--- START ---

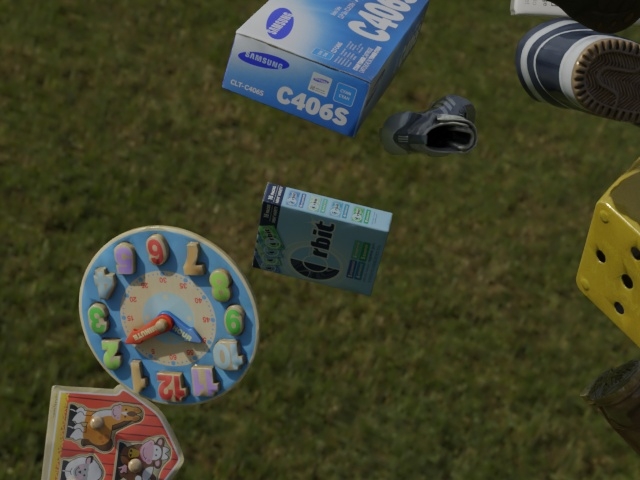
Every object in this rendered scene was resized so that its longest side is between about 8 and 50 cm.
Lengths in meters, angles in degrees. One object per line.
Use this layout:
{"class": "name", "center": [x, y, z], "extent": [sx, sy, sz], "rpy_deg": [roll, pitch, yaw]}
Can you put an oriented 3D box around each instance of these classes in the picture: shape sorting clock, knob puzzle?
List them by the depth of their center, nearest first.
{"class": "shape sorting clock", "center": [-0.164, 0.084, 1.439], "extent": [0.206, 0.206, 0.040], "rpy_deg": [24, 27, 5]}
{"class": "knob puzzle", "center": [-0.278, 0.293, 1.841], "extent": [0.213, 0.213, 0.030], "rpy_deg": [10, -7, -21]}

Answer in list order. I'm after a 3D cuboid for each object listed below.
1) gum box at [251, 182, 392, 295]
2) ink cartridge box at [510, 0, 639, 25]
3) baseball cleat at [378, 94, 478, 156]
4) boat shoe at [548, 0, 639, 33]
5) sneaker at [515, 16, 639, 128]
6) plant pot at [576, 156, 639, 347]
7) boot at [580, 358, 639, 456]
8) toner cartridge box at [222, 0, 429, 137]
{"class": "gum box", "center": [0.000, 0.000, 1.965], "extent": [0.185, 0.157, 0.041], "rpy_deg": [13, 51, 1]}
{"class": "ink cartridge box", "center": [0.366, -0.346, 1.550], "extent": [0.273, 0.198, 0.115], "rpy_deg": [5, 9, 4]}
{"class": "baseball cleat", "center": [0.159, -0.132, 1.653], "extent": [0.109, 0.072, 0.206], "rpy_deg": [12, 22, 33]}
{"class": "boat shoe", "center": [0.178, -0.224, 1.041], "extent": [0.178, 0.064, 0.060], "rpy_deg": [25, 40, -30]}
{"class": "sneaker", "center": [0.327, -0.151, 1.375], "extent": [0.282, 0.099, 0.153], "rpy_deg": [17, 8, -29]}
{"class": "plant pot", "center": [0.415, 0.013, 1.519], "extent": [0.187, 0.212, 0.212], "rpy_deg": [-23, 51, -25]}
{"class": "boot", "center": [0.517, 0.302, 1.989], "extent": [0.269, 0.089, 0.236], "rpy_deg": [48, -1, 6]}
{"class": "toner cartridge box", "center": [0.016, -0.244, 1.632], "extent": [0.165, 0.075, 0.348], "rpy_deg": [20, 29, 5]}

--- END ---

Word for word, set down every line of the records above, and leave the pictures out.

Result of this task:
Every object in this rendered scene was resized so that its longest side is between about 8 and 50 cm.
Lengths in meters, angles in degrees. One object per line.
Use this layout:
{"class": "name", "center": [x, y, z], "extent": [sx, sy, sz], "rpy_deg": [roll, pitch, yaw]}
Can you put an oriented 3D box around each instance of these classes in the picture: shape sorting clock, knob puzzle?
List them by the depth of their center, nearest first.
{"class": "shape sorting clock", "center": [-0.164, 0.084, 1.439], "extent": [0.206, 0.206, 0.040], "rpy_deg": [24, 27, 5]}
{"class": "knob puzzle", "center": [-0.278, 0.293, 1.841], "extent": [0.213, 0.213, 0.030], "rpy_deg": [10, -7, -21]}

Answer in list order. I'm after a 3D cuboid for each object listed below.
1) gum box at [251, 182, 392, 295]
2) ink cartridge box at [510, 0, 639, 25]
3) baseball cleat at [378, 94, 478, 156]
4) boat shoe at [548, 0, 639, 33]
5) sneaker at [515, 16, 639, 128]
6) plant pot at [576, 156, 639, 347]
7) boot at [580, 358, 639, 456]
8) toner cartridge box at [222, 0, 429, 137]
{"class": "gum box", "center": [0.000, 0.000, 1.965], "extent": [0.185, 0.157, 0.041], "rpy_deg": [13, 51, 1]}
{"class": "ink cartridge box", "center": [0.366, -0.346, 1.550], "extent": [0.273, 0.198, 0.115], "rpy_deg": [5, 9, 4]}
{"class": "baseball cleat", "center": [0.159, -0.132, 1.653], "extent": [0.109, 0.072, 0.206], "rpy_deg": [12, 22, 33]}
{"class": "boat shoe", "center": [0.178, -0.224, 1.041], "extent": [0.178, 0.064, 0.060], "rpy_deg": [25, 40, -30]}
{"class": "sneaker", "center": [0.327, -0.151, 1.375], "extent": [0.282, 0.099, 0.153], "rpy_deg": [17, 8, -29]}
{"class": "plant pot", "center": [0.415, 0.013, 1.519], "extent": [0.187, 0.212, 0.212], "rpy_deg": [-23, 51, -25]}
{"class": "boot", "center": [0.517, 0.302, 1.989], "extent": [0.269, 0.089, 0.236], "rpy_deg": [48, -1, 6]}
{"class": "toner cartridge box", "center": [0.016, -0.244, 1.632], "extent": [0.165, 0.075, 0.348], "rpy_deg": [20, 29, 5]}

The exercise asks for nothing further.